An overwhelming majority of people want more agricultural support directed at sustainable farming practices, reveals a survey.
Some 84% of British adults believe farmers have a responsibility to look after the landscape and wildlife for future generations, says the poll.
Carried out for the Campaign to Protect Rural England (CPRE), it found that just 17% of adults would accept a more industrialised farming sector.
Some 78% of respondents said they wanted farmers to get more support to carry out environmentally sustainable farming practices.
Publication of the survey results was timed to coincide with the launch on Monday (9 January) of the CPRE’s vision for the future of farming.

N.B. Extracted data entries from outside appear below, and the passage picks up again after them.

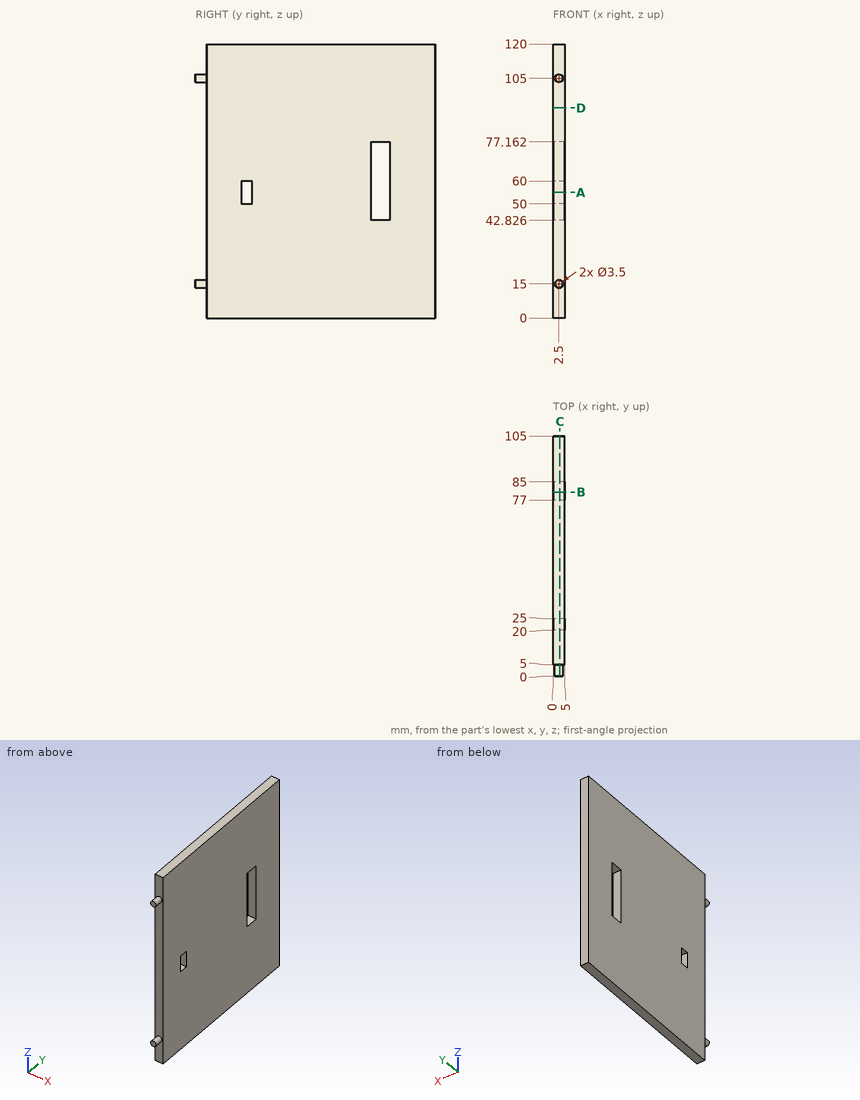
Here's the drawing with two shaded views (mm, measured from the low corner). I have some questions. Give positions to 0.01 mm unless a question says otherwise; leave off trailing zeros. Loops run counter-clockwise (first coordinate to the right, second up) from the corner with the lowest first, then second, coordinate; pieces in that order, holes last. Notation, with made-up numbers: (51, 77) - (72, 77) arc R18 ccw to (72, 108) - close; hole circle Ø10 at (-39.75, -18). An arc over 180 degrees is marked (long way). Answer in a Markdown table with one row per item. Add a question column.
Q1. If we section it at A-A (z = 55): List the corners of the cut face in (x, y) for me, plus the area to 3 significant figures.
Q2. If we section it at D-D (z = 92): List the corners of the cut face in (x, y) for me.
Q3. If we section it at C-C (x = 2.95): List the corners of the cut face in (y, z) for me, plus the area to 3 significant figures.
Q4. If we section it at B-B (y = 80.5): List the corners of the cut face in (x, z) for me.
Q5. Please list where these lines run through material, in increasing order: L1, parallel to Y at x = 1.8, z = 76; L2, parallel to Y at x = 2.2, z = 9.5; L3, parallel to Z at x = 4.6, y = 79.5. Write a range as from..to.
Q6. For pin 1 (1 mm diameter, centred on x = 4, y = 20.5, fed in from -Z); pin 2 (3 mm diameter, centred on x = 2, z = 93.5, fed in from -Y), each with a flat end and sliding along its axis, tell me the tip position at first contact or that it passes through.
The answers:
| question | item | result |
|---|---|---|
| 1 | outline | (0, 5) - (5, 5) - (5, 20) - (0, 20) - close; (0, 25) - (5, 25) - (5, 77) - (0, 77) - close; (0, 85) - (5, 85) - (5, 105) - (0, 105) - close |
| 1 | area | 435 mm^2 |
| 2 | outline | (0, 5) - (5, 5) - (5, 105) - (0, 105) - close |
| 3 | outline | (0, 13.31) - (5, 13.31) - (5, 0) - (105, 0) - (105, 120) - (5, 120) - (5, 106.69) - (0, 106.69) - (0, 103.31) - (5, 103.31) - (5, 16.69) - (0, 16.69) - close; hole (20, 50) - (25, 50) - (25, 60) - (20, 60) - close; hole (77, 42.83) - (85, 42.83) - (85, 77.16) - (77, 77.16) - close |
| 3 | area | 11,700 mm^2 |
| 4 | outline | (0, 0) - (5, 0) - (5, 42.83) - (0, 42.83) - close; (0, 77.16) - (5, 77.16) - (5, 120) - (0, 120) - close |
| 5 | L1 | y = 5..77, 85..105 |
| 5 | L2 | y = 5..105 |
| 5 | L3 | z = 0..42.83, 77.16..120 |
| 6 | pin 1 | stops at z = 0 |
| 6 | pin 2 | stops at y = 5 |
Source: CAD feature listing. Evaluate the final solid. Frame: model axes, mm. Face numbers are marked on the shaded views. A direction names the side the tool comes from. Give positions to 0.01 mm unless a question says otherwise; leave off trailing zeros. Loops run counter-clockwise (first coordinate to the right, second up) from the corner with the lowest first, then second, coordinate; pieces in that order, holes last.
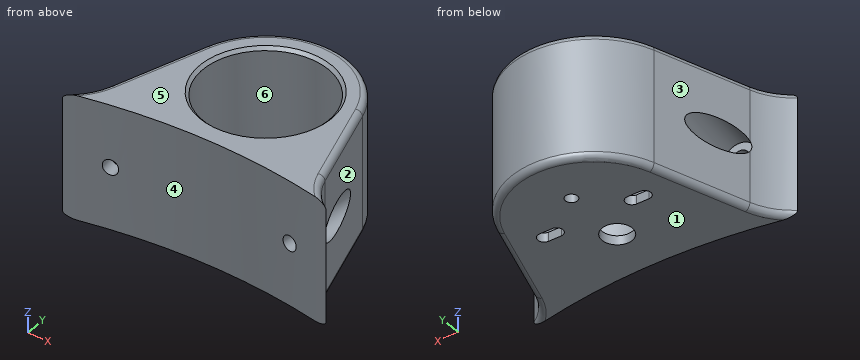
```python
from build123d import *

# Parameters (mm, degrees)
SKETCH1_R           = 26.289
BOSS_EXTRUDE1_DEPTH = 48.26
FILLET1_R           = 2.54
CHAMFER1_SIZE       = 1.27
SKETCH2_R           = 6.35
SKETCH2_R_2         = 2.54
BOSS_EXTRUDE2_DEPTH = 3.81
FILLET2_R           = 2.54
SKETCH4_R           = 3.175
CUT_EXTRUDE1_DEPTH  = 110.759820078
CUT_EXTRUDE2_START  = -6.35
SKETCH5_R           = 6.35
CUT_EXTRUDE2_DEPTH  = 104.409820078


with BuildPart() as part:
    # Sketch1 → Boss-Extrude1 (new body)
    with BuildSketch(Plane.XY):
        with BuildLine():
            Line((-45.642801894, 83.373274477), (-33.240070063, 121.841966324))
            ThreePointArc((-33.240070063, 121.841966324), (0, 146.05), (33.240070063, 121.841966324))
            Line((33.240070063, 121.841966324), (45.642801894, 83.373274477))
            ThreePointArc((45.642801894, 83.373274477), (49.65717276, 75.716693762), (56.007, 69.85))
            ThreePointArc((56.007, 69.85), (0, 76.2), (-56.007, 69.85))
            ThreePointArc((-56.007, 69.85), (-49.65717276, 75.716693762), (-45.642801894, 83.373274477))
        make_face()
        with Locations((0, 111.125)):
            Circle(SKETCH1_R, mode=Mode.SUBTRACT)
    extrude(amount=-BOSS_EXTRUDE1_DEPTH)

    # Fillet1
    fillet1_edges = [part.edges().sort_by_distance(p)[0] for p in [
        (-49.65717276, 75.716693762, 0),
        (-39.441435979, 102.6076204, 0),
        (0, 146.05, 0),
        (39.441435979, 102.6076204, 0),
        (49.65717276, 75.716693762, 0),
    ]]
    fillet(fillet1_edges, radius=FILLET1_R)

    # Chamfer1
    chamfer1_edges = [part.edges().sort_by_distance(p)[0] for p in [
        (-26.289, 111.125, 0),
    ]]
    chamfer(chamfer1_edges, length=CHAMFER1_SIZE)

    # Sketch2 → Boss-Extrude2 (add)
    with BuildSketch(Plane(origin=(0, 0, -48.26), x_dir=(-1, 0, 0), z_dir=(0, 0, -1))):
        with BuildLine():
            Line((45.642801894, 83.373274477), (33.240070063, 121.841966324))
            ThreePointArc((33.240070063, 121.841966324), (0, 146.05), (-33.240070063, 121.841966324))
            Line((-33.240070063, 121.841966324), (-45.642801894, 83.373274477))
            ThreePointArc((-45.642801894, 83.373274477), (-49.65717276, 75.716693762), (-56.007, 69.85))
            ThreePointArc((-56.007, 69.85), (0, 76.2), (56.007, 69.85))
            ThreePointArc((56.007, 69.85), (49.65717276, 75.716693762), (45.642801894, 83.373274477))
        make_face()
        with Locations(Location((0, 97.917, 0), (0, 0, 180))):
            Circle(SKETCH2_R, mode=Mode.SUBTRACT)
        with Locations(Location((0, 124.333, 0), (0, 0, 180))):
            Circle(SKETCH2_R_2, mode=Mode.SUBTRACT)
        with BuildLine():
            Line((-21.336, 113.792), (-16.002, 113.792))
            ThreePointArc((-16.002, 113.792), (-13.335, 111.125), (-16.002, 108.458))
            Line((-16.002, 108.458), (-21.336, 108.458))
            ThreePointArc((-21.336, 108.458), (-24.003, 111.125), (-21.336, 113.792))
        make_face(mode=Mode.SUBTRACT)
        with BuildLine():
            Line((21.336, 113.792), (16.002, 113.792))
            ThreePointArc((16.002, 113.792), (13.335, 111.125), (16.002, 108.458))
            Line((16.002, 108.458), (21.336, 108.458))
            ThreePointArc((21.336, 108.458), (24.003, 111.125), (21.336, 113.792))
        make_face(mode=Mode.SUBTRACT)
    extrude(amount=BOSS_EXTRUDE2_DEPTH)

    # Fillet2
    fillet2_edges = [part.edges().sort_by_distance(p)[0] for p in [
        (-49.65717276, 75.716693762, -52.07),
        (-39.441435979, 102.6076204, -52.07),
        (0, 146.05, -52.07),
        (39.441435979, 102.6076204, -52.07),
        (49.65717276, 75.716693762, -52.07),
    ]]
    fillet(fillet2_edges, radius=FILLET2_R)

    # Sketch4 → Cut-Extrude1 (cut, symmetric)
    with BuildSketch(Plane(origin=(11.899806241, 77.314282605, 0), x_dir=(-0.9883615104677608, 0.15212338618991694, 0), z_dir=(-0.15212338618991694, -0.9883615104677608, 0))):
        with Locations(Location((-26.464277226, 26.035, 0), (0, 0, 180))):
            Circle(SKETCH4_R)
    cut_extrude1 = extrude(amount=CUT_EXTRUDE1_DEPTH, both=True, mode=Mode.SUBTRACT)

    # Sketch5 → Cut-Extrude2 (cut, through all)
    with BuildSketch(Plane(origin=(11.899806241, 77.314282605, 0), x_dir=(-0.9883615104677608, 0.15212338618991694, 0), z_dir=(-0.15212338618991694, -0.9883615104677608, 0)).offset(CUT_EXTRUDE2_START)):
        with Locations(Location((-26.464277226, 26.035, 0), (0, 0, 180))):
            Circle(SKETCH5_R)
    cut_extrude2 = extrude(amount=-CUT_EXTRUDE2_DEPTH, mode=Mode.SUBTRACT)

    # Mirror1: Cut-Extrude1, Cut-Extrude2 across plane
    add(cut_extrude1.mirror(Plane(origin=(0, 0, 0), x_dir=(0, 0, 1), z_dir=(1, 0, 0))), mode=Mode.SUBTRACT)
    add(cut_extrude2.mirror(Plane(origin=(0, 0, 0), x_dir=(0, 0, 1), z_dir=(1, 0, 0))), mode=Mode.SUBTRACT)


solid = part.part
```
(1) Ray query, line 1 along Y through (x, z) = (0, -49.7); line 2 along Y through (x, z) = (0, -27); line 3 along X through (y, z) = (104.5, -21.5). Return the intervals inside material, ascending.
A:
line 1: y = 76.2 to 91.57, 104.27 to 121.79, 126.87 to 146.04
line 2: y = 76.2 to 84.84, 137.41 to 146.05
line 3: x = -38.36 to -25.44, 25.44 to 38.36
(2) Section A-A, the plane x = 0. Return the cut outline in (y, z), then the cut area to 3 significant figures.
A:
outline: (76.2, -52.07) - (91.57, -52.07) - (91.57, -48.26) - (84.84, -48.26) - (84.84, -1.27) - (83.57, 0) - (76.2, 0) - close; (104.27, -52.07) - (121.79, -52.07) - (121.79, -48.26) - (104.27, -48.26) - close; (126.87, -52.07) - (143.51, -52.07) arc R2.54 ccw to (146.05, -49.53) - (146.05, -2.54) arc R2.54 ccw to (143.51, 0) - (138.68, 0) - (137.41, -1.27) - (137.41, -48.26) - (126.87, -48.26) - close
area: 1,030 mm2
(3) Section C-C, the plane z = -6. Return the cut outline in (x, y) (3 decimals).
A:
outline: (-56.007, 69.85) arc R250.166 cw to (56.007, 69.85) arc R25.4 cw to (45.643, 83.373) - (33.24, 121.842) arc R34.925 ccw to (-33.24, 121.842) - (-45.643, 83.373) arc R25.4 cw to start; hole circle Ø52.578 at (0, 111.125)
(4) Mould query, pull axis X, two halves, no side actions, for the marked faces 1, 2, 3 and 4. Classes: pulls with the +X half, pulls with the -X half, needs draft (parallel to the pull), parting line crosses it, or undercut.
A:
face 1: needs draft
face 2: pulls with the +X half
face 3: pulls with the -X half
face 4: undercut
(5) First-contact query: pin 1 (8 mm diameter, centred on y = 102, z = -25, fed in from -X); pin 2 (3 mm diameter, centred on x = -19, z = -51, fed in from +Y); pin 3 (2 mm diameter, centred on x = 29.5, z = -43.5, fed in from +Y). Flat tips, straight axial feed; report the tip coordinate or a pass-through.
A:
pin 1: stops at x = -38.6
pin 2: stops at y = 141.11
pin 3: stops at y = 131.31
(6) Reachability of the marked faces 5 and 6 from +Z, -Z, +X, -X, +Y, -Y: full face, straight path, thin tool, end or side. Return the list, or none.
A:
face 5: +Z, +X, -X, +Y, -Y
face 6: +Z
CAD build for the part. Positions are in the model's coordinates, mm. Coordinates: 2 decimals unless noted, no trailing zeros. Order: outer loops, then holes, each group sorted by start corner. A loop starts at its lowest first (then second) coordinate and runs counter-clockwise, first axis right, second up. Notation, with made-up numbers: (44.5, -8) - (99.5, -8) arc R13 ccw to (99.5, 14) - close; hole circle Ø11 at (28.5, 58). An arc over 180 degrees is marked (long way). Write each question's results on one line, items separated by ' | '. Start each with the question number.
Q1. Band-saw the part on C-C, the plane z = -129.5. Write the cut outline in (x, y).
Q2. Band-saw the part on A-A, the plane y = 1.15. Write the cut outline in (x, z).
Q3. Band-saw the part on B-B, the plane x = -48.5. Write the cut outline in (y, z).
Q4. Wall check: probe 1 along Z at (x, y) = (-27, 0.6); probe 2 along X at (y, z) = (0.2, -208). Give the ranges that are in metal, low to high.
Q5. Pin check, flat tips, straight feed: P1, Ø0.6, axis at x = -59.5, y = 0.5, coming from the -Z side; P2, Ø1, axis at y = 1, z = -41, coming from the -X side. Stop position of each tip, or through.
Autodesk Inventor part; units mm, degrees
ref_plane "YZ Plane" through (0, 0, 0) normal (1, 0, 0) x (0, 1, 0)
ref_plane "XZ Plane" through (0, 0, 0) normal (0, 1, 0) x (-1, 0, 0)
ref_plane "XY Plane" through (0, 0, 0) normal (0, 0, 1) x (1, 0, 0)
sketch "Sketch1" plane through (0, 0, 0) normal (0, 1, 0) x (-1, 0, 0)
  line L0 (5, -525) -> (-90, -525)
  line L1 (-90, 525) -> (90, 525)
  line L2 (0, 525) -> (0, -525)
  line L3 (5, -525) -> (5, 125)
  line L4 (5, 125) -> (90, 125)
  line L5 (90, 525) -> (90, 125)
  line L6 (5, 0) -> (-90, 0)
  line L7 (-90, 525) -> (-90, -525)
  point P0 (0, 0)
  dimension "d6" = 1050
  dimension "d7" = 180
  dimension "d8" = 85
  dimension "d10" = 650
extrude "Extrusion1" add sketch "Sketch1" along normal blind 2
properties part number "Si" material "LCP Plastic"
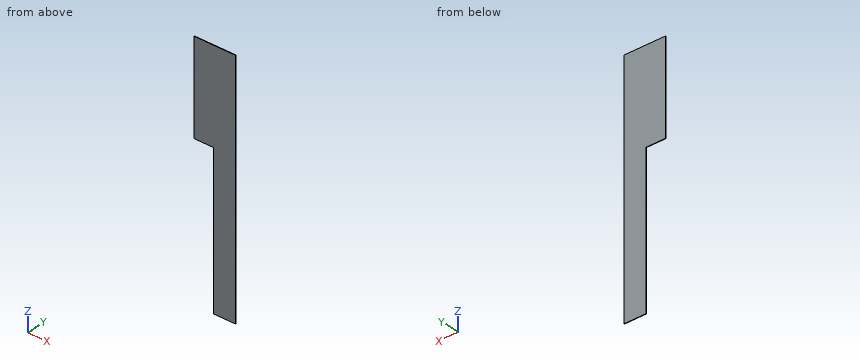
Results below:
1) outline: (-5, 0) - (90, 0) - (90, 2) - (-5, 2) - close
2) outline: (-90, 125) - (-5, 125) - (-5, -525) - (90, -525) - (90, 525) - (-90, 525) - close
3) outline: (0, 125) - (2, 125) - (2, 525) - (0, 525) - close
4) probe 1: z = 125 to 525 | probe 2: x = -5 to 90
5) P1: stops at z = 125 | P2: stops at x = -5
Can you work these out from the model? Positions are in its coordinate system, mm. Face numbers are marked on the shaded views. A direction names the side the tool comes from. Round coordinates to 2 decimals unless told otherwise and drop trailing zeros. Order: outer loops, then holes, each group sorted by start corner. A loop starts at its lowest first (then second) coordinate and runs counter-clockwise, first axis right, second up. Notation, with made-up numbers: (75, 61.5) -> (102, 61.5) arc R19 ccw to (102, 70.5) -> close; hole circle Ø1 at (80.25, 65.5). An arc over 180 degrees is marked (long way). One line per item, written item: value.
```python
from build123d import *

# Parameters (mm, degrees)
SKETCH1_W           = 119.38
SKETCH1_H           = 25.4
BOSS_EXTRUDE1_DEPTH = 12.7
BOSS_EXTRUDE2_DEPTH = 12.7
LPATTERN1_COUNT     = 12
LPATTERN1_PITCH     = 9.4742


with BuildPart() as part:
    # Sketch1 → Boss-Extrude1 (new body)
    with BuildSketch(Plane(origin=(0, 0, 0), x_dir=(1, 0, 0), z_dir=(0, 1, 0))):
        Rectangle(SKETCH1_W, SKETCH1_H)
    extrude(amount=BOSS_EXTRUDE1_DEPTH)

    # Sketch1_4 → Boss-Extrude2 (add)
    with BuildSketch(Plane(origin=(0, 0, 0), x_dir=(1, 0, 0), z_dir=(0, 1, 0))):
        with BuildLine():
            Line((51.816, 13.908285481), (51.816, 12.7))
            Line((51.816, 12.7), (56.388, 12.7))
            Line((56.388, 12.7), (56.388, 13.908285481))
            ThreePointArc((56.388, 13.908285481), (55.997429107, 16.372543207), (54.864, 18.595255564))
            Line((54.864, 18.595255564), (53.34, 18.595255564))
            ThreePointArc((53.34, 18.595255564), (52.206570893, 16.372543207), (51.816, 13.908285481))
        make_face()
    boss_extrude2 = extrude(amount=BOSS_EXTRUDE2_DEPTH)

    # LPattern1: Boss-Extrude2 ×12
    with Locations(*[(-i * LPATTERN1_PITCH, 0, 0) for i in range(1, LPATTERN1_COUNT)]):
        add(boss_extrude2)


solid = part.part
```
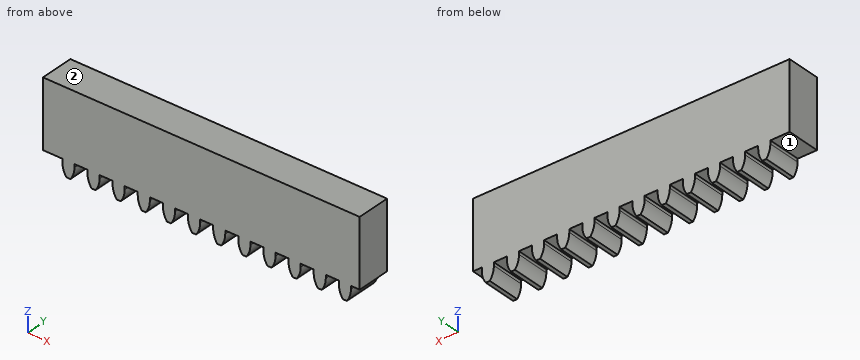
Q1. I want a section at A-A on x = 1.5. List the corners of the cut face in (y, z) for me.
Answers below:
outline: (0, -12.7) -> (12.7, -12.7) -> (12.7, 12.7) -> (0, 12.7) -> close
Q2. On a 3-axis mill with a long thin cutter (end or side, diameter ignored), from which of +Z, -Z, +X, -X, +Y, -Y can I reach the whole of each face in a straight line? I mean the marked faces 1 and 2. Say none if no direction works.
Answers below:
face 1: -Z, -X, +Y, -Y
face 2: +Z, +X, -X, +Y, -Y
Q3. Will these pins go through, and if not, where does the flat tip stop? pin 1 Ø1.3 at (y, z) = (9, -13.5) entering from +X; pin 2 Ø1.3 at (y, z) = (3.5, -13.5) entering from -X; pin 3 Ø5 at (x, y) = (-8.5, 10.5) entering from -Z.
Answers below:
pin 1: x = 56.39
pin 2: x = -52.4
pin 3: z = -17.89
Q4. Please list where these lines run through material, in increasing order: line 1 along Z through (x, y) = (-6.5, 6.5); line 2 along Z through (x, y) = (43, 3).
Answers below:
line 1: -12.7 to 12.7
line 2: -17.08 to 12.7

The document outlines the changes to farming practices and agricultural policy that the conservation charity would like to see by 2026.
It wants farmers who undertake additional environmental measures on their land to benefit from a price premium.
Fairer milk prices for dairy farmers, for example, would help reverse the decline in pasture-based family farms, thereby maintaining traditional landscapes.
Rather than largescale intensive units, the CPRE vision paints a picture of a future where most pigs and poultry are reared free range and outdoors.
CPRE senior farming campaigner Ian Woodhurst said: “People clearly want the environmentally sustainable future for farming set out in our vision.
“There are huge challenges, including growing populations, increasing demand for land and natural resources, and pressures due to climate change.
“But we must find ways to cope with these challenges if we are to secure a living, thriving rural landscape.”
Given recent calls to increase food production and productivity, the survey findings provided timely food for thought, said Mr Woodhurst.
Such a move would present challenges for the environmental sustainability of farming, necessitating a fresh debate on farmland management
“We need to be ambitious if we are to ensure we have both a vibrant farming sector and a beautiful countryside alive with wildlife.”
The government, farmers, the food industry and environmental groups would all need to work together to ensure the public’s aspirations were realised.